It felt as if I had been taken by the scruff of the neck, sat down in front of the computer and instructed to write. The Osiriad was one of the strangest experiences I have ever had with words. I had long wished to see some order put into the scattered myths of ancient Egypt. We know so many of their stories, but for the most part, they stand alone, fragmented and disconnected from each other and therefore making little sense. I thought I should do the research and try putting at least some of the better known stories in order.
I never got the chance. I found I was playing catch-up with the research, fact checking translations of documents written five thousand years ago, carved on pyramids or tucked away in funerary texts.

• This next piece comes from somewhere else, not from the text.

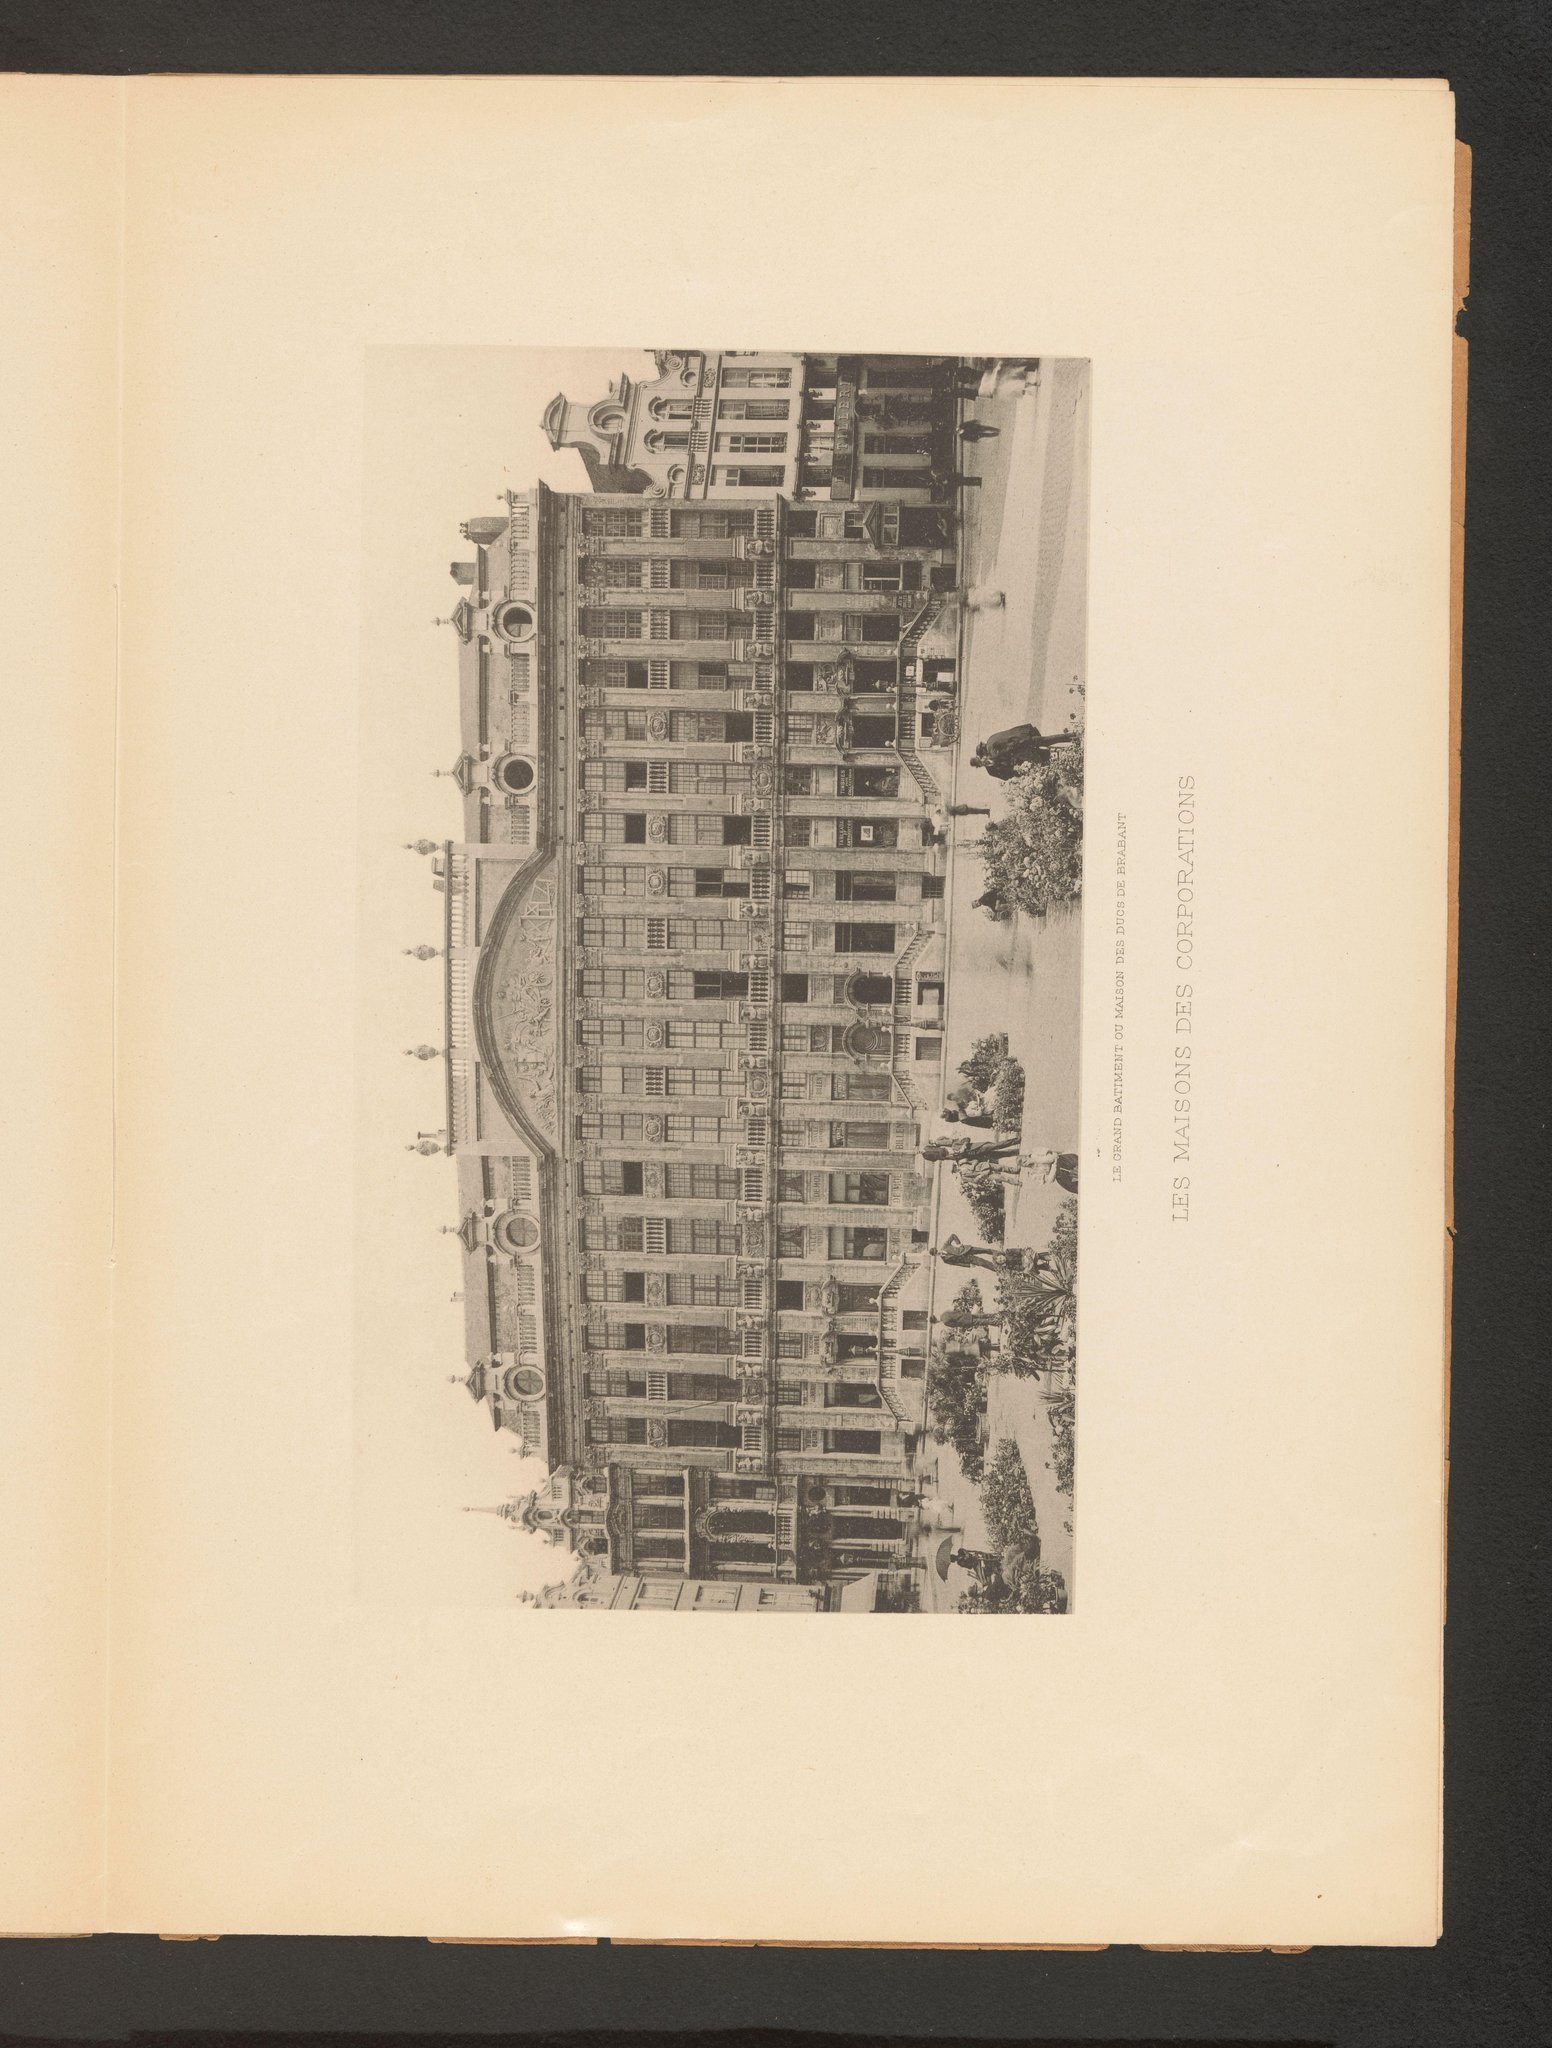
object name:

What emerged was the story of Creation, a spotlight on the workings of natural law and a surprising look at the sophisticated and intimate knowledge of many modern sciences, presented in story form using the symbols of an ancient faith.

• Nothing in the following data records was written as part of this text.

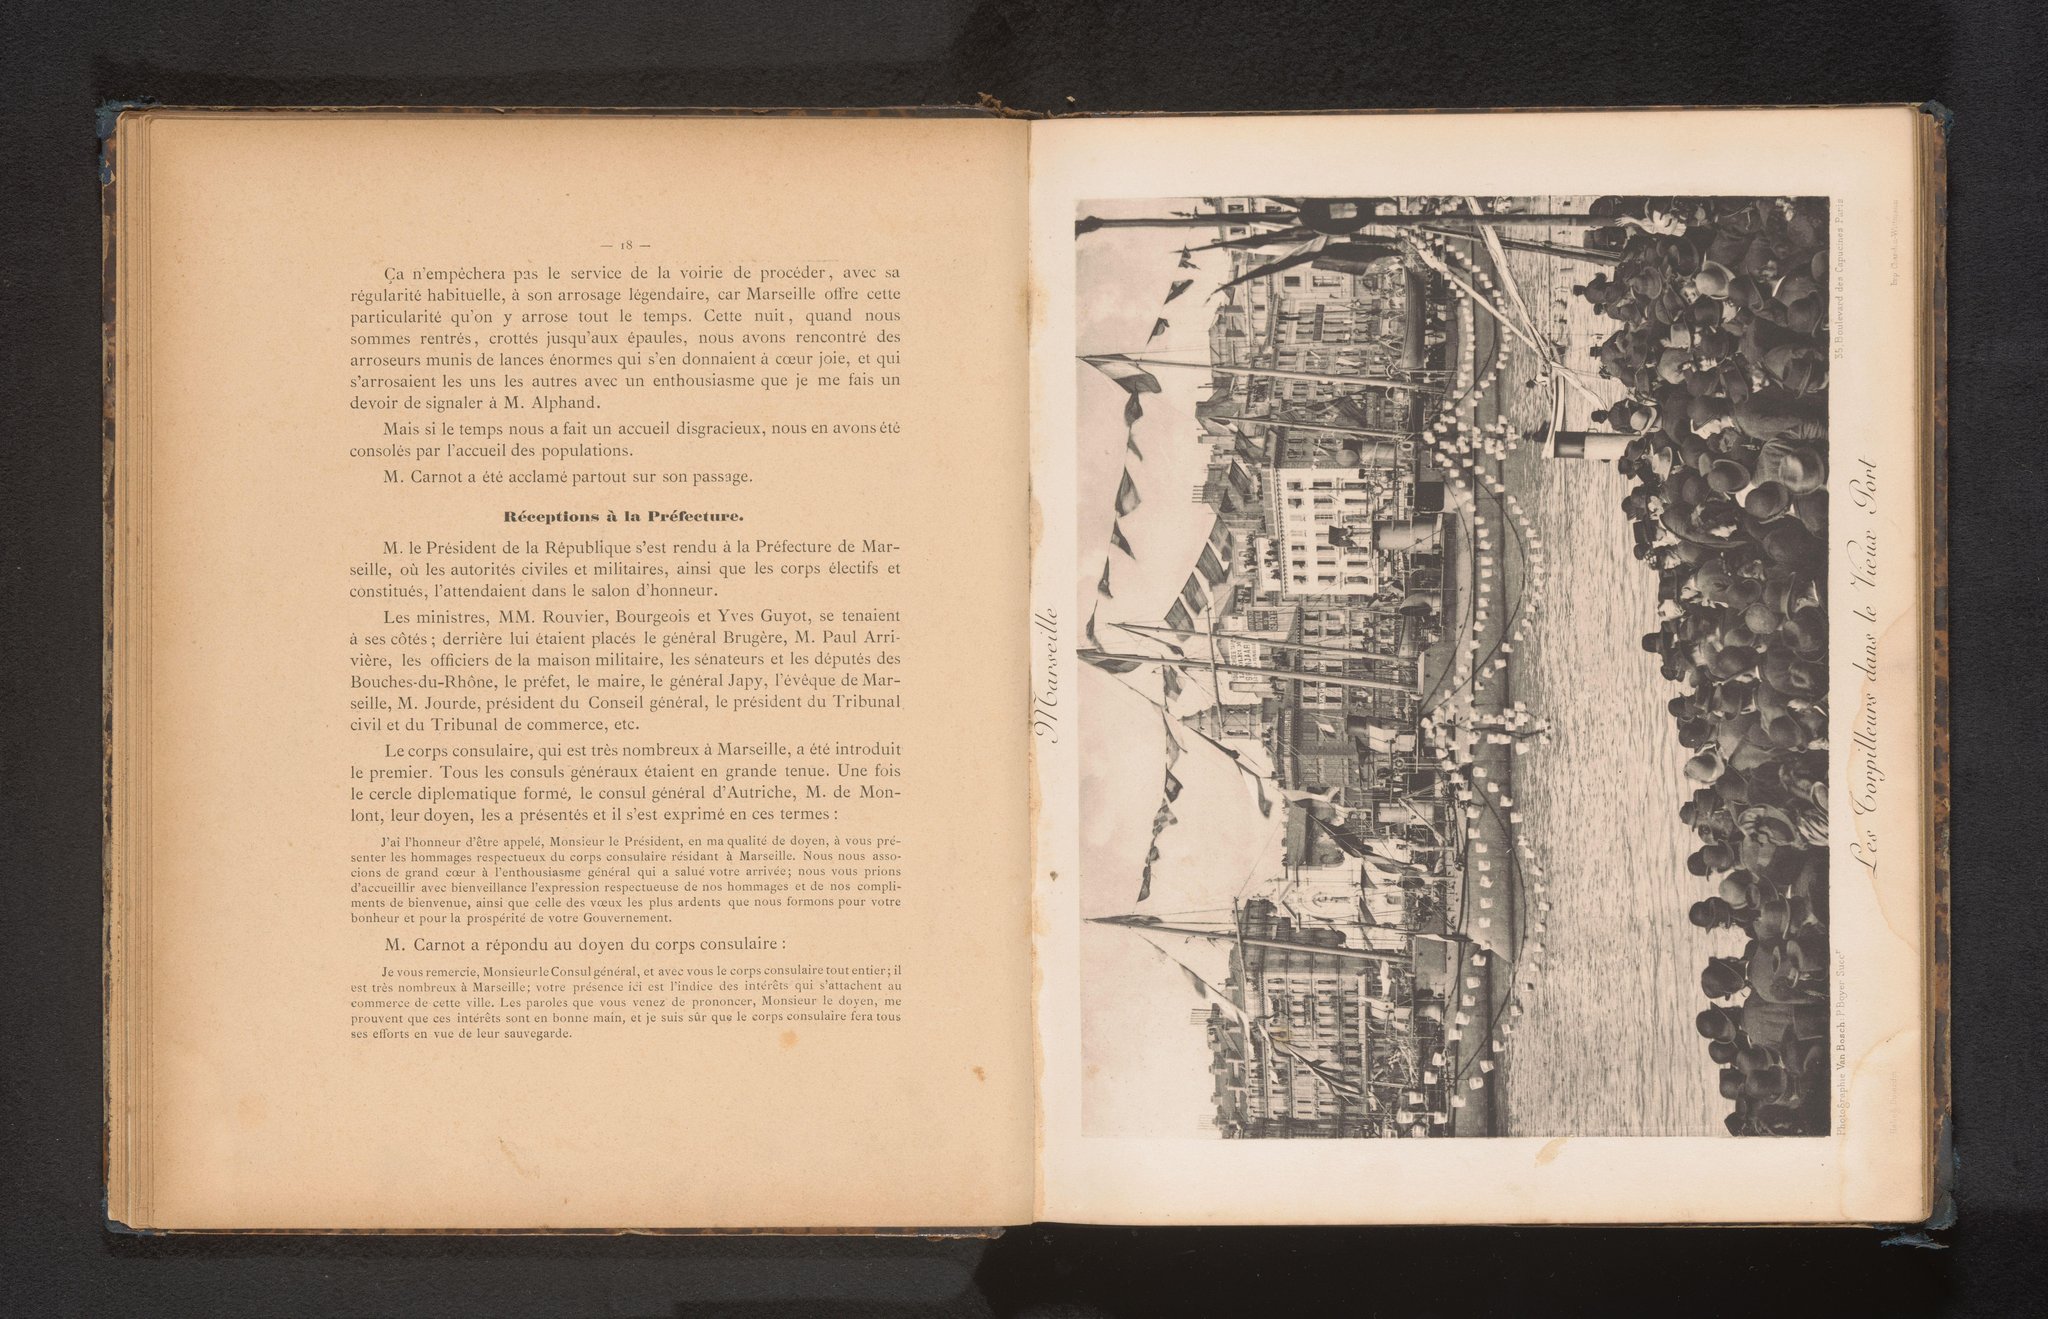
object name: photomechanical print
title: Les torpilleurs dans le vieux port
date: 1885-1890
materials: paper
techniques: photoaquatint
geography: marseille
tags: harbour, ships (in general)
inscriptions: inscription: ‘35 Boulevard des Capucines Paris’

There is a deep understanding of what we now call psychology, cosmology… even a foreshadowing of quantum theories. But the tales in which these glimpses arefound are not dry and dusty, but still gleam with all the colours of a vibrant inner life. The Egyptians were not hiding their knowledge or reserving it just for the intellectual and social elite… these were the tales known in every household. What you understood from them would match your knowledge… or make you think. The stories would lodge in memory and be transmitted, heart to heart, gaining depth and insight as it was handed down.
And perhaps, at the same time, thousands of miles away, our own bards, storytellers and wise-folk were teaching in the same manner. Just as we do today, through the moral choices that make up the background of so many of our stories.